Thursday, 8 April 2010

69. CAVALCADE - 1933

Some films one watches and then immediately recommends to everyone they know. Some films one realises will only appeal to people with very specific taste. I would not recommend ‘Cavalcade’ to those who love films full of action and CGI special effects. It is a film for those who, like me, want to engulf themselves in early British melodrama, with a gloriously staged script and stern acting. The best word that I can find to describe this period piece is sumptuous.

Based on a Noel Coward play, this film charts the lives of two families (one upstairs, one downstairs) from the Boer War to 1933. The film takes the families through the death of Queen Victoria, the sinking of the Titanic, the Great War, the roaring Twenties and finally the Depression. It takes the families as a micro-study of society as a whole as they are affected by the world events around them.

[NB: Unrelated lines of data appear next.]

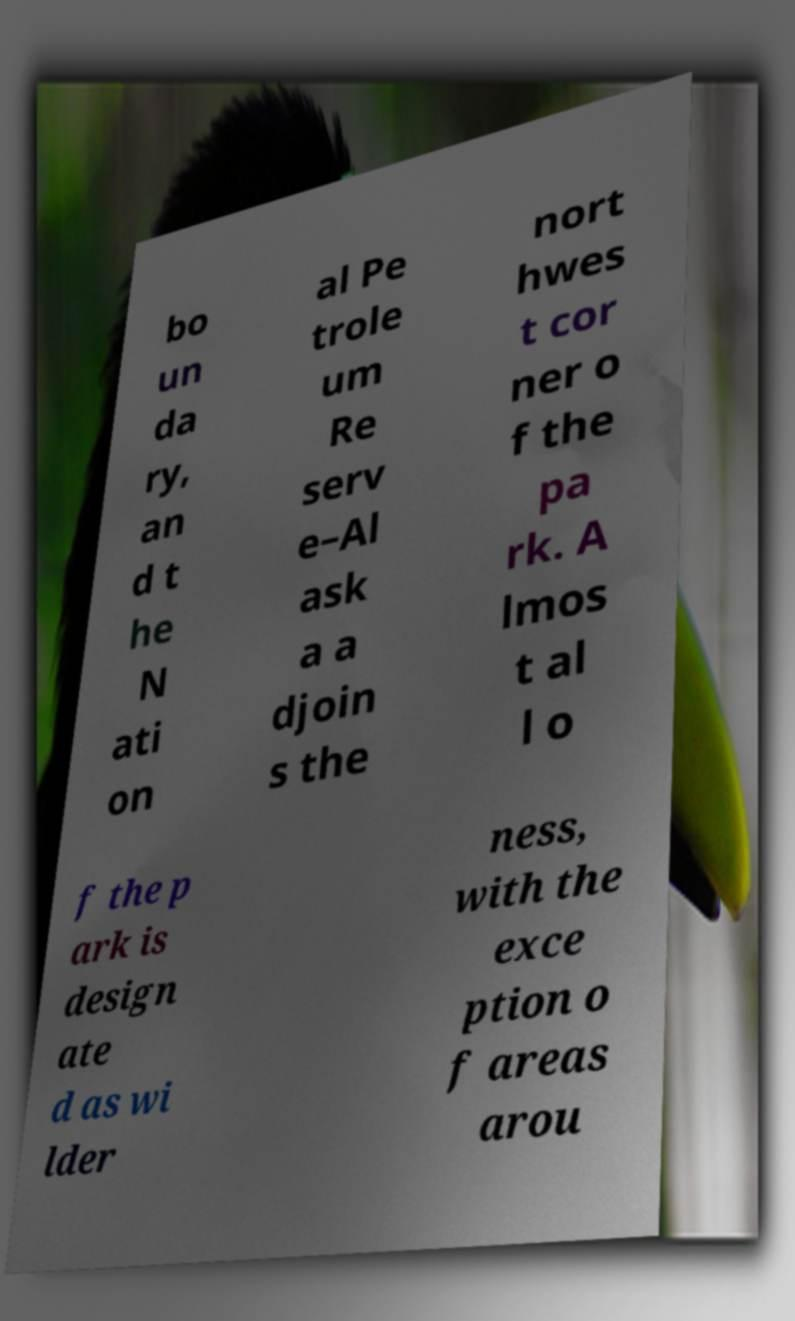Please identify and transcribe the text found in this image. bo un da ry, an d t he N ati on al Pe trole um Re serv e–Al ask a a djoin s the nort hwes t cor ner o f the pa rk. A lmos t al l o f the p ark is design ate d as wi lder ness, with the exce ption o f areas arou 
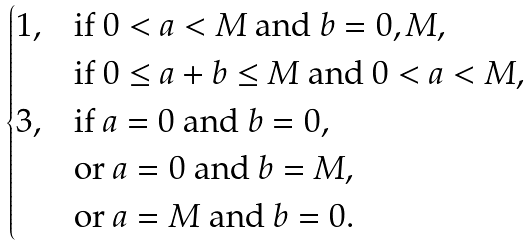<formula> <loc_0><loc_0><loc_500><loc_500>\begin{cases} 1 , & \text {if $0<a<M$ and $b=0,M$,} \\ & \text {if $0\leq a+b\leq M$ and $0<a<M$,} \\ 3 , & \text {if $a=0$ and $b=0$,} \\ & \text {or $a=0$ and $b=M$,} \\ & \text {or $a=M$ and $b=0$.} \end{cases}</formula> 
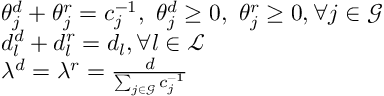Convert formula to latex. <formula><loc_0><loc_0><loc_500><loc_500>\begin{array} { r l } & { { \theta } _ { j } ^ { d } + { \theta } _ { j } ^ { r } = c _ { j } ^ { - 1 } , \ { \theta } _ { j } ^ { d } \geq 0 , \ { \theta } _ { j } ^ { r } \geq 0 , \forall j \in \mathcal { G } } \\ & { d _ { l } ^ { d } + d _ { l } ^ { r } = d _ { l } , \forall l \in \mathcal { L } } \\ & { \lambda ^ { d } = \lambda ^ { r } = \frac { d } { \sum _ { j \in \mathcal { G } } c _ { j } ^ { - 1 } } } \end{array}</formula> 
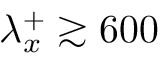Convert formula to latex. <formula><loc_0><loc_0><loc_500><loc_500>\lambda _ { x } ^ { + } \gtrsim 6 0 0</formula> 
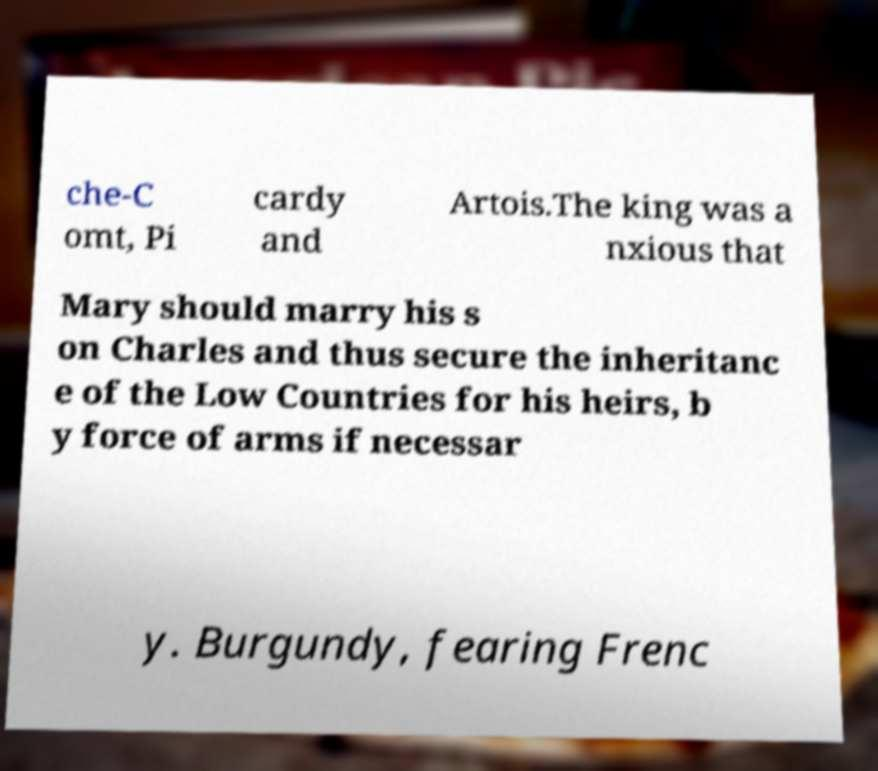What messages or text are displayed in this image? I need them in a readable, typed format. che-C omt, Pi cardy and Artois.The king was a nxious that Mary should marry his s on Charles and thus secure the inheritanc e of the Low Countries for his heirs, b y force of arms if necessar y. Burgundy, fearing Frenc

The characters are, without exception, interesting and played well. Diana Wynyard is especially good. The different events, however, are handled with varying levels of quality. The Great War section of the film is brilliant, there is a wonderfully harrowing montage of war scenes and how the family is affected by this event is not as predictable as may’ve been expected. The Titanic section, however, is about as subtle as a breezeblock, which is a shame as it could have been handled much better.
There is lots of talk of this film being an unworthy and unlikely winner, but in many ways, I see this as an obvious winner. It is what the academy loves: a social epic about how world events change the lives of those involved, and if modern viewers look past the severe cinematography, and contrived script, they will find a film not dissimilar to several much more famous films (‘Gone With The Wind’ and ‘Giant’ to name two).

It is the ending of this film which I find so poignant, although Frank Lloyd would have had no idea at the time. The end scene, between the now elderly couple of the wealthy family is one of hope. They have suffered horrifically, but are now looking forward to the future together. Little did the viewers know that 1933 would be the year that Hitler came to power and a period of further unrest would follow.

As a best picture winner it is perhaps the most dated as it has not aged well. For those of you who want to see a early winner where the filmmakers were coming to grips with sound and more modern techniques, coupled with an interesting insight into events of the first three decades of the 20th Century, then it is definitely worth a watch, but expect to find it interesting, rather than typical Hollywood entertainment.